Tras el asesinato de los dos sacerdotes, por ejemplo, varios supuestos miembros del Cártel de Jalisco Nueva Generación (CJNG) publicaron un video en el que les pedían a otros grupos que no se metieran con sacerdotes, médicos o maestros.
“La guerra es entre nosotros”, lee uno de los enmascarados, quien se encuentra rodeado de otros hombres enmascarados y bien armados.
Cuando nada de esto funciona, los criminales suelen pedir perdón.
La primera declaración de Guzmán en las redes sociales se dio en 2019, cuando expresó en Instagram que le gustaría “disculparse por todas las acciones que se emprendieron”.
Para entonces, las narcodisculpas en voz pasiva eran ya casi tradicionales. En 2013, en un mensaje garabateado en una pancarta, los Caballeros Templarios pidieron “perdón” tras varios “comentarios y críticas” en Michoacán, territorio de donde son originarios.
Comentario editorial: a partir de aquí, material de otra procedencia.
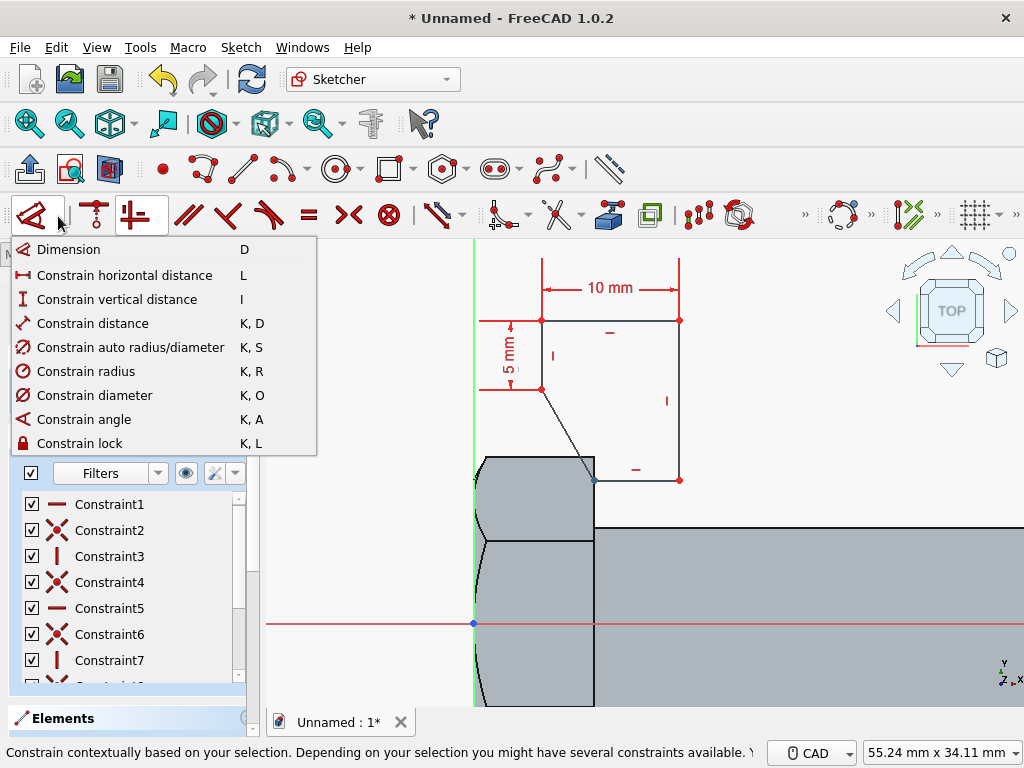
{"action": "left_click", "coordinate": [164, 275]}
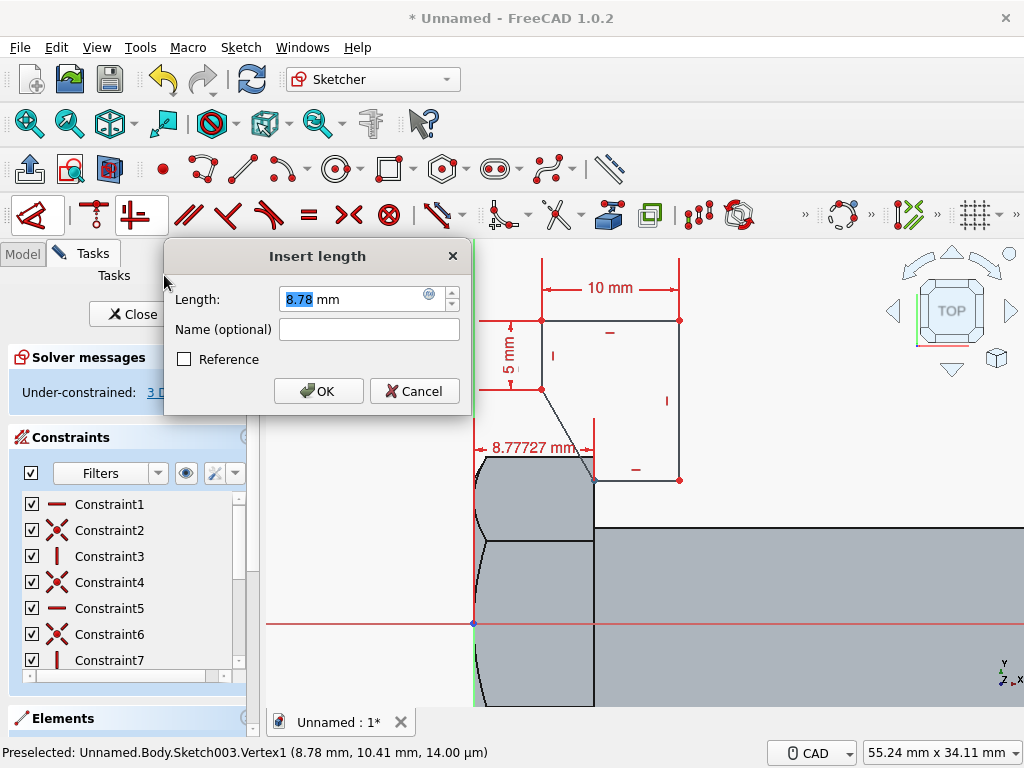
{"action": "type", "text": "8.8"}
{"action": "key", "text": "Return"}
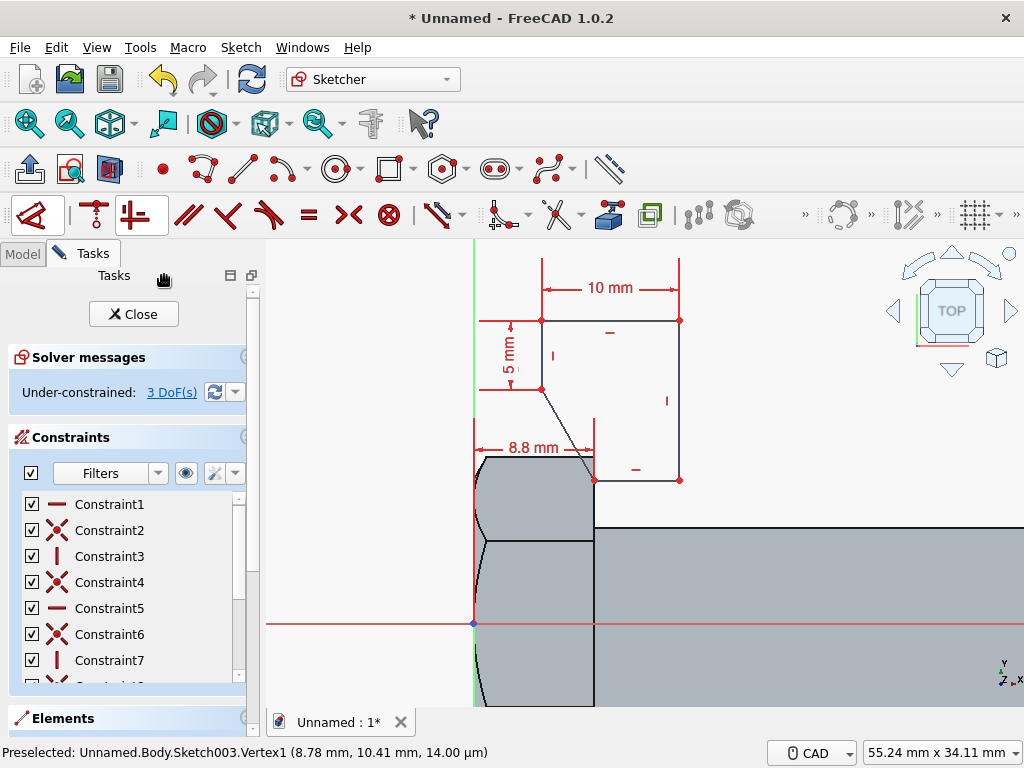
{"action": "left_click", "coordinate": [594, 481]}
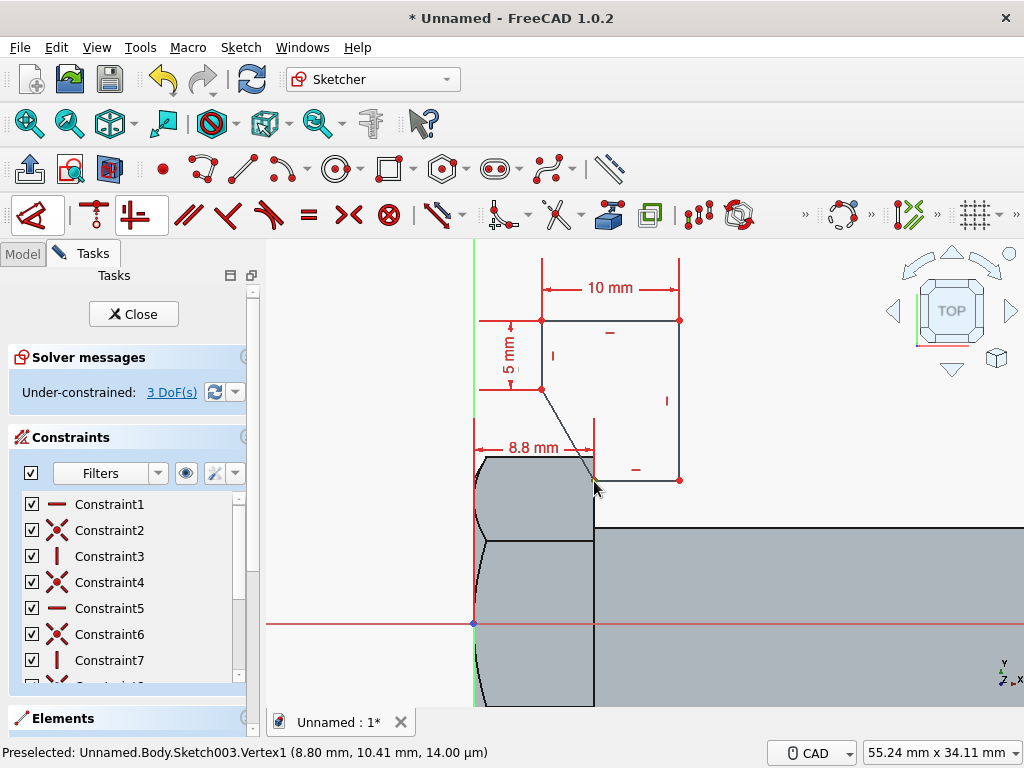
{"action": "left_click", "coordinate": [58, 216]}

En 2015, después de numerosos enfrentamientos a tiros en Jalisco, el CJNG colgó docenas de pancartas por todo el estado, en las que tranquilizaban a la población diciendo que el “problema no es con ustedes”.
Y en 2016, mientras hablaba con un reportero, Rafael Caro Quintero, conocido narcotraficante que hasta hace poco era el fugitivo más buscado de México, pidió perdón a la “sociedad de México por todos los errores que cometí”, así como a la familia del agente de la Administración para el Control de Drogas (DEA) asesinado, homicidio por el que fue condenado a 40 años en una prisión mexicana.
No está claro cómo encajan estas disculpas en el plan de “abrazos, no balazos” propuesto por AMLO. Durante su campaña, planteó la idea de una “amnistía” para los narcos, “siempre y cuando se cuente con el apoyo de las víctimas, los familiares de las víctimas”.
Pero después de ser elegido, aparte de una referencia a la posibilidad de conmutar las sentencias de los prisioneros mayores de 65 años que habían sido torturados, ha enmascarado su idea del perdón con términos vagos y cuasi religiosos. Como Presidente, tampoco ha aclarado públicamente si está hablando de perdón judicial en forma de amnistía o indultos para los narcos; perdón religioso en forma de absolución sacerdotal o pastoral, o narcoperdón como el que Guzmán y Caro Quintero parecen estar pidiendo.
A muchos mexicanos quizá les da igual. Además de ciertos sectores de la jerarquía católica, las organizaciones de víctimas han rechazado esta estrategia blanda; de hecho, una destacada representante de las víctimas de la narcoviolencia lo resume muy bien cuando dice que no aceptarían “ni perdón ni olvido” en su lucha por obtener justicia.
Días después de la publicación del editorial de la Arquidiócesis, parecía que las dos partes tendrían un acercamiento, luego de que la Conferencia del Episcopado Mexicano emitió un mensaje en el que pedía “unirnos para pedir por la paz”. AMLO, en una de sus conferencias de prensa matutinas, dijo que “apoyaba” dicho llamado, pero no se comprometió con ninguna acción en concreto.
Así, las cosas parecen estar claras: el perdón no provendrá fácilmente de una sociedad desangrada y maltratada durante años de conflicto, ni siquiera de una institución que se basa en esa misma premisa.